Il est précisément 12h07 quand Jean-Sébastien Soldaïni prend la parole. C'est le premier aperçu en direct de ce qui est en train de se passer près de Charlie Hebdo. Le reporter est alors, sans le savoir, tout près du corps d'Ahmed Merabet, le policier tué au cours de l'attaque. Dans la foulée, la rédaction d'Europe 1 passe en édition spéciale. Jean-Sébastien Soldaïni passe l'après-midi devant les locaux de Charlie Hebdo. Locaux qu'il est encore aujourd'hui impossible d'approcher.

"L'immeuble est entouré des barrières. Placé sous scellés depuis le 7 janvier. Avec à l'intérieur encore toutes les archives du journal. Aujourd'hui, l'hebdo est toujours hébergé dans les locaux de Libération. Hebdo qui était au bord du dépôt de bilan avant ces attentats, mais qui après la mobilisation populaire est désormais sauvé financièrement. Le premier numéro publié après les attentats s'est vendu à 8 millions d'exemplaire.

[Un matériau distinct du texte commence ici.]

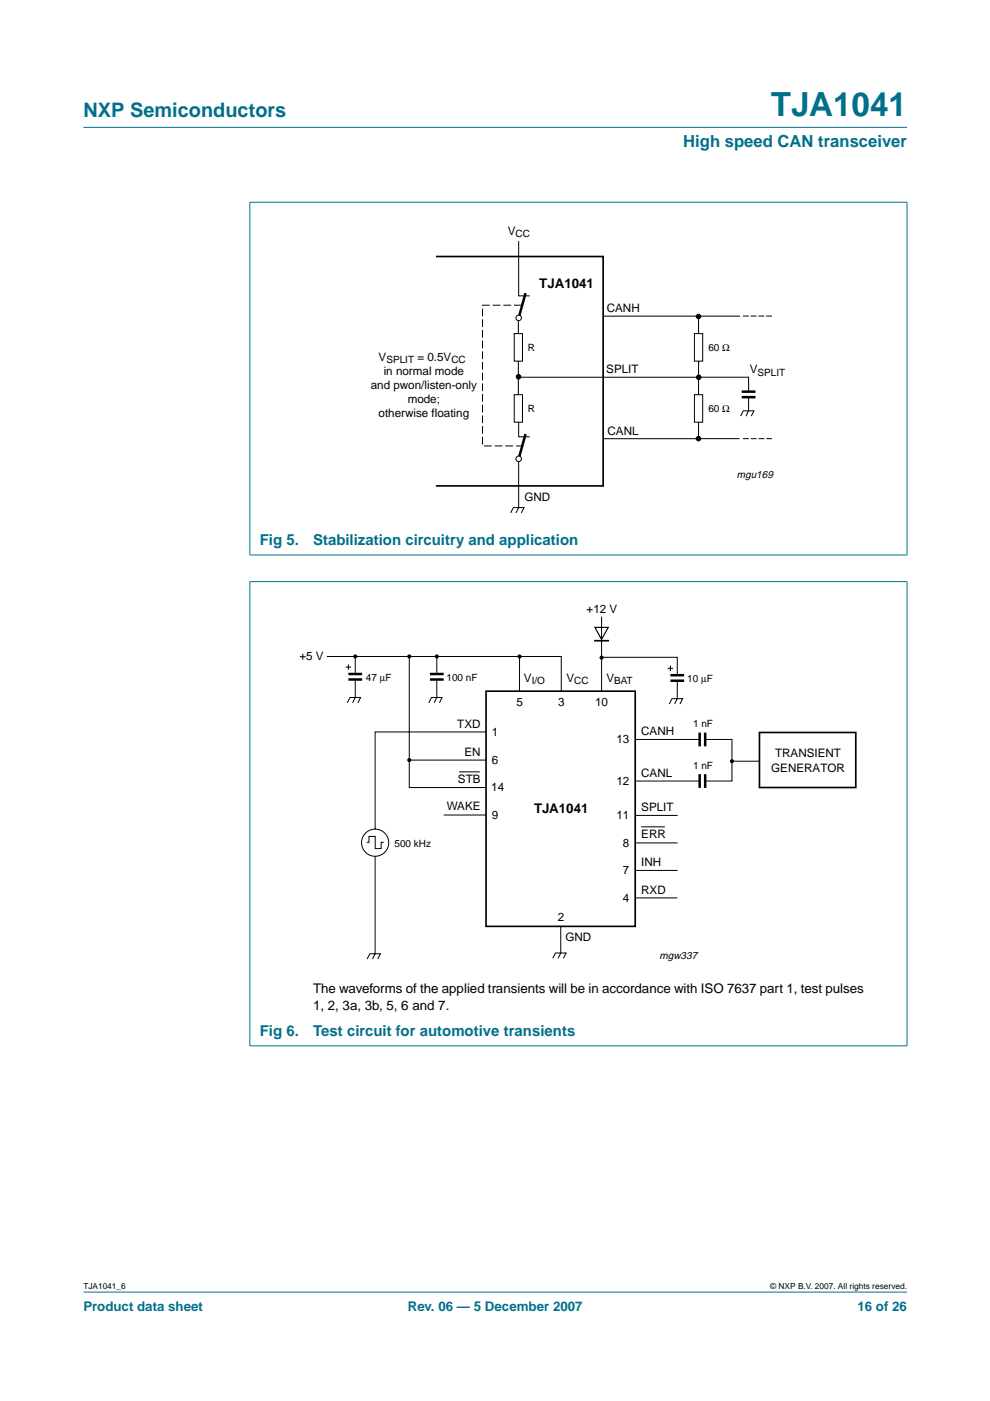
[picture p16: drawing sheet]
<svg xmlns="http://www.w3.org/2000/svg" width="210mm" height="297mm" viewBox="0 0 210 297" stroke-linecap="round" stroke-linejoin="round" font-family="sans-serif">
<defs><g id="words">
<text font-size="7.1" fill="#00708a" x="163.4" y="24.7">TJA1041</text>
<text font-size="4.2" fill="#00708a" x="17.7" y="24.9">NXP Semiconductors</text>
<text font-size="3.5" fill="#00708a" x="144.9" y="31.1">High speed CAN transceiver</text>
<g font-size="3.2" fill="#00708a">
<text x="55.1" y="115.6">Fig 5.</text>
<text x="66.4" y="115.6">Stabilization circuitry and application</text>
<text x="55.1" y="219.6">Fig 6.</text>
<text x="66.4" y="219.6">Test circuit for automotive transients</text>
</g>
<g font-size="2.8">
<text x="114.3" y="61.1">TJA1041</text>
<text x="113.2" y="172.5">TJA1041</text>
<text x="66.4" y="210.6">The waveforms of the applied transients will be in accordance with ISO 7637 part 1, test pulses</text>
<text x="66.4" y="214.1">1, 2, 3a, 3b, 5, 6 and 7.</text>
</g>
<g font-size="2.8" fill="#00708a">
<text x="17.7" y="278">Product data sheet</text>
<text x="86.5" y="278">Rev. 06 — 5 December 2007</text>
<text x="181.8" y="278">16 of 26</text>
</g>
<g font-size="2.5">
<text x="107.7" y="49.7">V</text>
<text x="128.6" y="66.2">CANH</text>
<text x="80.3" y="76.5">V</text>
<text x="88.5" y="76.5">= 0.5V</text>
<text x="78.6" y="82.5">and pwon/listen-only</text>
<text x="81.4" y="79.5">in normal mode</text>
<text x="128.5" y="79.2">SPLIT</text>
<text x="159" y="79.2">V</text>
<text x="80.3" y="88.5">otherwise floating</text>
<text x="86.4" y="85.5">mode;</text>
<text x="128.8" y="92.1">CANL</text>
<text x="111.2" y="106.3">GND</text>
<text x="124.4" y="130">+12 V</text>
<text x="63.5" y="139.9">+5 V</text>
<text x="109.5" y="149.6">5</text>
<text x="111.1" y="144.6">V</text>
<text x="118.3" y="149.6">3</text>
<text x="120.1" y="144.6">V</text>
<text x="126.2" y="149.6">10</text>
<text x="128.6" y="144.6">V</text>
<text x="97" y="154.3">TXD</text>
<text x="136" y="155.9">CANH</text>
<text x="98.5" y="160.2">EN</text>
<text x="104.3" y="156.1">1</text>
<text x="104.3" y="161.9">6</text>
<text x="130.7" y="157.6">13</text>
<text x="164.3" y="160.6">TRANSIENT</text>
<text x="97.1" y="166.1">STB</text>
<text x="104.2" y="167.8">14</text>
<text x="130.7" y="166.4">12</text>
<text x="136" y="164.7">CANL</text>
<text x="163.5" y="163.6">GENERATOR</text>
<text x="94.7" y="171.8">WAKE</text>
<text x="104.3" y="173.6">9</text>
<text x="130.7" y="173.7">11</text>
<text x="136" y="172">SPLIT</text>
<text x="132.1" y="179.5">8</text>
<text x="136" y="177.7">ERR</text>
<text x="132.1" y="185.3">7</text>
<text x="136" y="183.7">INH</text>
<text x="132.1" y="191.2">4</text>
<text x="136" y="189.5">RXD</text>
<text x="118.3" y="195.2">2</text>
<text x="119.9" y="199.6">GND</text>
</g>
<g font-size="2.2">
<text x="156.2" y="101.3">mgu169</text>
<text x="139.8" y="203.4">mgw337</text>
</g>
<g font-size="2.1">
<text x="109.3" y="50.2">CC</text>
<text x="81.9" y="77">SPLIT</text>
<text x="95.7" y="77">CC</text>
<text x="111.9" y="74.3">R</text>
<text x="150.2" y="74.3">60 Ω</text>
<text x="160.6" y="79.7">SPLIT</text>
<text x="111.9" y="87.4">R</text>
<text x="150.2" y="87.4">60 Ω</text>
<text x="77.6" y="144.3">47 µF</text>
<text x="94.7" y="144.3">100 nF</text>
<text x="112.7" y="145.1">I/O</text>
<text x="121.7" y="145.1">CC</text>
<text x="130.2" y="145.1">BAT</text>
<text x="145.7" y="144.5">10 µF</text>
<text x="147" y="154.2">1 nF</text>
<text x="147" y="163.1">1 nF</text>
<text x="83.7" y="179.6">500 kHz</text>
</g>
<g font-size="1.8">
<text x="17.7" y="273.4">TJA1041_6</text>
<text x="163.3" y="273.4">© NXP B.V. 2007. All rights reserved.</text>
</g>
</g></defs>
<g fill="#00708a" stroke="#00708a" stroke-width=".21">
<path d="M17.7 273.9h174.6z"/>
<path d="M17.7 27h174.6z"/>
<path d="M53 42.9v74.7z"/>
<path d="M192.3 42.9v74.7z"/>
<path d="M52.9 42.9h139.5z"/>
<path d="M52.9 117.7h139.5z"/>
<path d="M53 123.4v98.3z"/>
<path d="M192.3 123.4v98.3z"/>
<path d="M52.9 123.3h139.5z"/>
<path d="M52.9 221.7h139.5z"/>
</g>
<g fill="none" stroke="#000" stroke-width=".21">
<path d="M109 70.7h1.8v5.9h-1.8zM109.9 67v3.7M109.9 76.6v7.1M109.9 80h38.3M147.2 70.7h1.8v5.9h-1.8zM148.1 76.6v7.1M156.9 67h-8.8v3.7M109 83.7h1.8v5.8h-1.8zM110 97.9v9.7l-.6 1.1M147.2 83.7h1.8v5.8h-1.8zM148.1 89.5v3.5h8.7M157 88.2l.6-1.1h2.2l-.5 1.1"/>
<path d="M158.7 87.1l-.5 1.1M108.3 108.7l.5-1.1h2.3l-.6 1.1"/>
</g>
<path d="M111.4 92l-1.4 5.3" fill="none" stroke="#000" stroke-width=".53"/>
<circle cx="110" cy="97.3" r=".58" fill="#fff" stroke="#000" stroke-width=".21"/>
<path d="M110 89.4v3.2h2.3" fill="none" stroke="#000" stroke-width=".21"/>
<path d="M111.4 62.1l-1.4 5.3" fill="none" stroke="#000" stroke-width=".53"/>
<circle cx="110" cy="67.4" r=".58" fill="#fff" stroke="#000" stroke-width=".21"/>
<g fill="none" stroke="#000" stroke-width=".21">
<path d="M110 51.1v11.6h2.3M127.9 67h20.2M148.1 80h10.6v3M127.9 93h20.2M158.7 84.2v2.9M69.3 139.2h49.7v7.3M75.3 139.1v3.8M86.8 139.2v27.8h16.3M92.6 139.1v3.8M110.2 139.2v7.3M127.5 139.4h16.1v3.8M127.5 130.9v15.6"/>
<path d="M73.3 141.4h1.1M73.6 149l.6-1.1h2.3l-.6 1.1M73.9 140.9v1.1M75.3 144.1v3.8l-.5 1.1M90.9 149l.6-1.1h2.2l-.5 1.1M92.6 144.1v3.8l-.6 1.1M103.1 155.2h-23.6v20.6M134.7 156.8h13.6M141.6 141.7h1.1M141.9 149.3l.6-1.2h2.2l-.5 1.2M142.1 141.1v1.2M143.6 144.3v3.8l-.6 1.2"/>
<path d="M149.5 156.8h5.7v8.8h-5.7M77.7 178.6h.5v-1.3h1.4v2.6h1.2v-1.3h.6M86.8 161.2h16.3M94.1 172.8h9M97.3 163.6h4.4M134.7 165.6h13.6M134.7 172.9h9M134.7 178.7h9M136 175.3h5M155.2 161.4h5.8M79.5 181.6v20.6l-.5 1.1M118.9 196.4v5.6l-.6 1.2"/>
<path d="M134.7 184.5h9M134.7 190.4h8.9M77.8 203.3l.6-1.1h2.3l-.6 1.1M117.2 203.2l.6-1.2h2.2l-.5 1.2"/>
<circle cx="79.5" cy="178.7" r="2.88"/>
</g>
<path d="M157.3 83h2.9M157.3 84.2h2.9M73.9 142.9h2.9M73.9 144.1h2.9M91.2 142.9h2.9M91.2 144.1h2.9M142.1 143.2h3M142.1 144.3h3M148.3 155.3v2.9M149.5 155.3v2.9M148.3 164.1v3M149.5 164.1v3" fill="none" stroke="#000" stroke-width=".53"/>
<g fill="#000" stroke="#000" stroke-width=".21">
<circle cx="109.9" cy="79.9" r=".48"/>
<circle cx="148.1" cy="67.1" r=".48"/>
<circle cx="148.2" cy="80" r=".48"/>
<circle cx="148.1" cy="93" r=".48"/>
</g>
<path d="M92.4 54.4h35.5v48.6h-35.5M126.1 135.8h2.9M103.1 146.5h31.6v49.9h-31.6zM161 155.3h20.4v11.7h-20.4z" fill="none" stroke="#000" stroke-width=".35"/>
<path d="M157.5 67h6.4M157.5 93h6.4" fill="none" stroke="#000" stroke-width=".21" stroke-dasharray="1.2 .4" stroke-linecap="butt"/>
<path d="M110.6 64.7h-8.3v29.8h8.3" fill="none" stroke="#000" stroke-width=".21" stroke-dasharray="1.6 .6" stroke-linecap="butt"/>
<g fill="#000">
<circle cx="75.3" cy="139.2" r=".44"/>
<circle cx="86.8" cy="139.2" r=".44"/>
<circle cx="92.6" cy="139.2" r=".44"/>
<circle cx="110.2" cy="139.2" r=".44"/>
<circle cx="127.5" cy="139.4" r=".44"/>
<circle cx="86.8" cy="161.2" r=".44"/>
<circle cx="155.2" cy="161.4" r=".44"/>
</g>
<path d="M126.1 133h2.9l-1.5 2.6z" fill="none" stroke="#000" stroke-width=".25"/>
<use href="#words"/>
</svg>

Le nombre des abonnements a été multiplié par 10. La rédaction serait à la tête d'un capital avoisinant les 10 millions d'euros. Capital qui fait débat chez les journalistes de Charlie. Certains souhaitent que chaque salarié présent avant les attentats puisse devenir actionnaire. En fait, ils ne veulent pas que les patrons empochent le pactole comme ça avait été le cas après les ventes exceptionnelles de 2006, après la polémique des caricatures de Mahomet."

La direction du journal a décidé que Charlie Hebdo allait devenir une entreprise solidaire de presse. Un statut qui impose de réinvestir au moins 70 % des bénéfices et qui oblige les actionnaires à être des collaborateurs du journal.